At a moment when government agencies across the country are already drowning in red ink, Colorado’s state constitution is now projected to trigger the second-largest residential property tax cut in the state’s modern history.

Under forecasts that will be presented Tuesday to the Joint Budget Committee, Colorado lawmakers could be asked to cut residential property taxes by nearly 18% in 2021 to comply with a tax-limiting constitutional provision known as the Gallagher Amendment.

For homeowners, it would mean permanent financial relief at a time of rising unemployment and deep economic uncertainty. But if the cut goes through as projected, it would have cascading effects at nearly every level of government in the state, gashing the budgets of property-tax reliant fire districts, county governments and schools.
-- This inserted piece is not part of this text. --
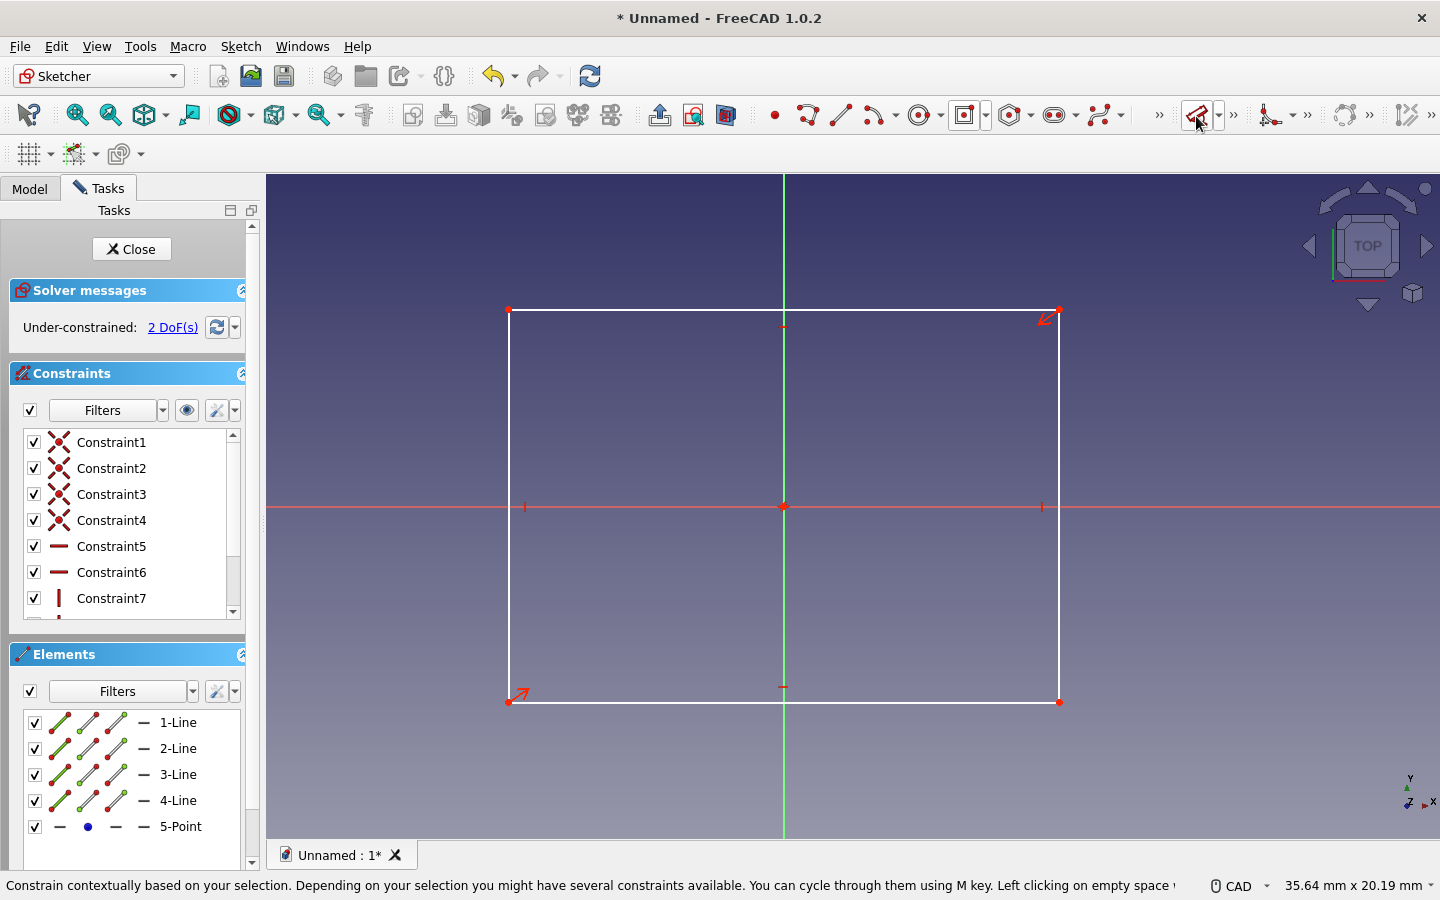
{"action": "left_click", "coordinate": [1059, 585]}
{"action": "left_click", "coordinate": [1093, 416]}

The reductions would cut total school district revenue by an estimated $491 million — a gap that will trickle up to the state budget, which is constitutionally required to backfill school funding shortfalls, and is already facing a fiscal catastrophe of its own as sales and income tax revenue plummet. In one fell swoop, it could wipe out all the recent gains the state had made in erasing its unfunded debt to schools, formerly known as the negative factor. At the county level, statewide revenue could drop by $204 million.

And the fiscal toll might not end there. The report shows residential property values continuing to rise in this assessment period, which ends June 30, 2020. If the economic downturn ripples into the housing market and home values drop, local governments could be facing a new tax-starved normal for the foreseeable future, with widespread implications for public services, employee pay and pension contributions.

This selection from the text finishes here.